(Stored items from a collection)
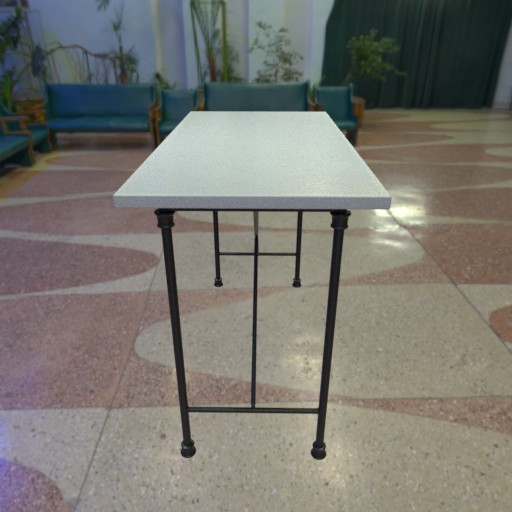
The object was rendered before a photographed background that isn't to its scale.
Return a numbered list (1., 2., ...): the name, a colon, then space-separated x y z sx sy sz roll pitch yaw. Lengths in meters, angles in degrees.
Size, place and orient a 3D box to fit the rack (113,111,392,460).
1. rack: 0.000 0.000 1.687 0.613 0.880 1.159 0 27 1
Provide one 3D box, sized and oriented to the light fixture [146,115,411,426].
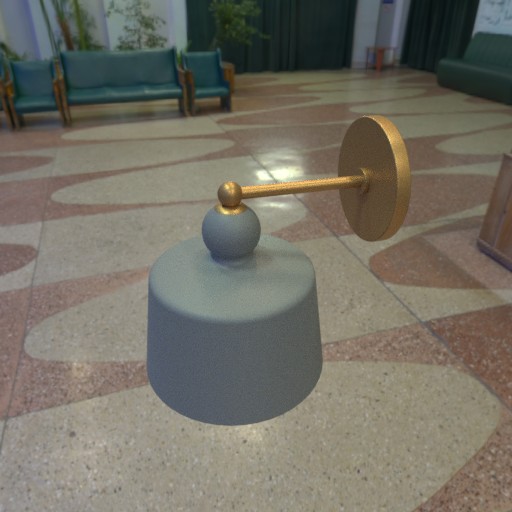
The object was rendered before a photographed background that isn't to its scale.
[{"bbox_3d":[0.000,0.000,0.460,0.254,0.268,0.204,-8,31,-13],"label":"light fixture"}]
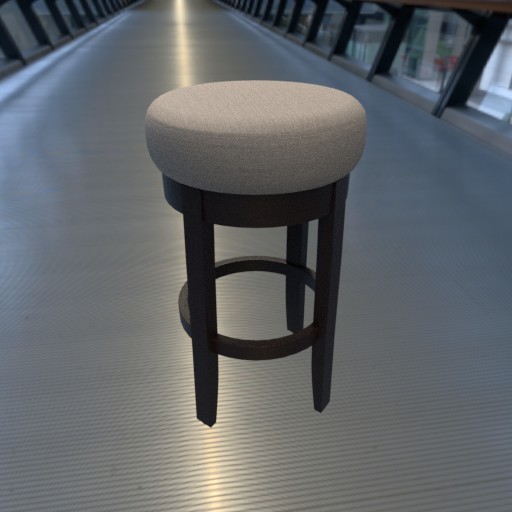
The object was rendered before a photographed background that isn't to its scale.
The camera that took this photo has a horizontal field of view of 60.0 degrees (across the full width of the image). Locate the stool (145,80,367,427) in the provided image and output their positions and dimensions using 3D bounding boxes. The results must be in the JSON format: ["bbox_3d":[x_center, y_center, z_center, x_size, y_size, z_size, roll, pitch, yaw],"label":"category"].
[{"bbox_3d":[0.000,0.000,1.061,0.443,0.757,0.443,0,30,0],"label":"stool"}]
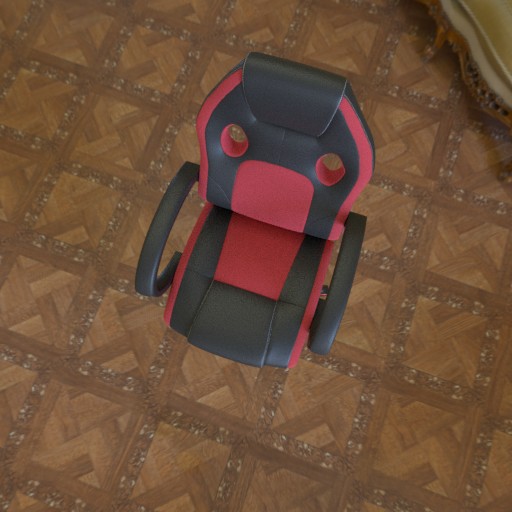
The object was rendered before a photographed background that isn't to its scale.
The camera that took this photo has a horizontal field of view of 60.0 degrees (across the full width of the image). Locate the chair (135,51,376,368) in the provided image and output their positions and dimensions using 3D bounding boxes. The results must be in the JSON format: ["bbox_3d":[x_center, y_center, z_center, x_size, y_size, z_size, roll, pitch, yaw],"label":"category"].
[{"bbox_3d":[0.000,0.000,1.556,0.673,1.187,0.724,18,75,5],"label":"chair"}]
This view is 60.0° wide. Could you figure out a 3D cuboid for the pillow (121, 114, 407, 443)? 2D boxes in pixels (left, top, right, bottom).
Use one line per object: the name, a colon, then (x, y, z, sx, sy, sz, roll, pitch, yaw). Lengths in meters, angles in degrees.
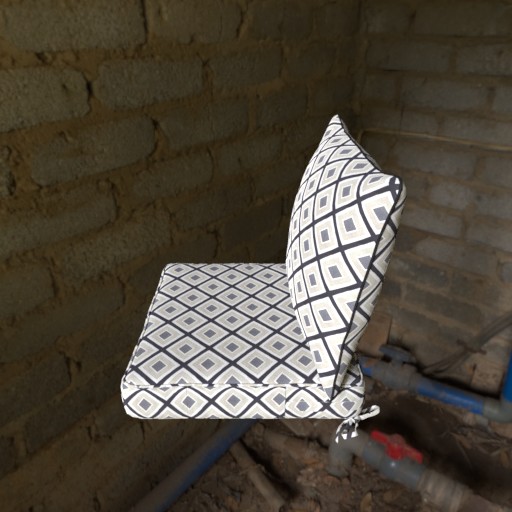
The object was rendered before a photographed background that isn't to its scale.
pillow: (0.000, 0.000, 1.355, 0.733, 0.722, 0.798, 0, 28, 0)
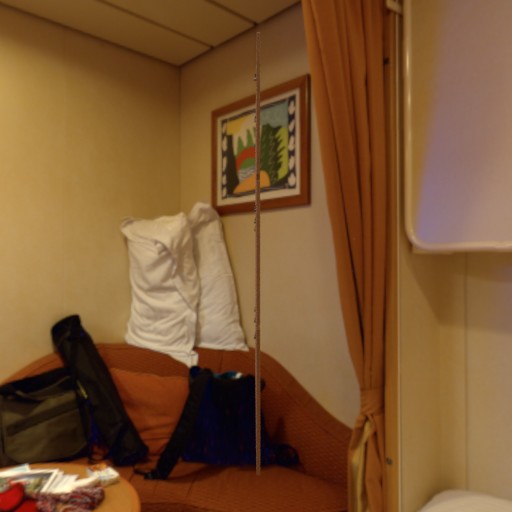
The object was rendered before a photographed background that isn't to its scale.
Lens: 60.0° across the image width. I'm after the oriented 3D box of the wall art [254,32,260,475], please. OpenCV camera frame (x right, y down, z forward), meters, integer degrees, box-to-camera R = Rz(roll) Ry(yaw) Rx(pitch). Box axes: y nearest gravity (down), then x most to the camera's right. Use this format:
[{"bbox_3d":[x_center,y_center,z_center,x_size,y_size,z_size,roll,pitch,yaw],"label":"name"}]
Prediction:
[{"bbox_3d":[0.000,0.000,2.285,0.023,1.522,1.526,0,-1,0],"label":"wall art"}]

> **YOUR INSTRUCTIONS**:
Which lines in the records above contain the string "oriented"? Copy each one.

> **EXPECTED OUTPUT**:
Provide one 3D box, sized and oriented to the light fixture [146,115,411,426].
Lens: 60.0° across the image width. I'm after the oriented 3D box of the wall art [254,32,260,475], please. OpenCV camera frame (x right, y down, z forward), meters, integer degrees, box-to-camera R = Rz(roll) Ry(yaw) Rx(pitch). Box axes: y nearest gravity (down), then x most to the camera's right. Use this format:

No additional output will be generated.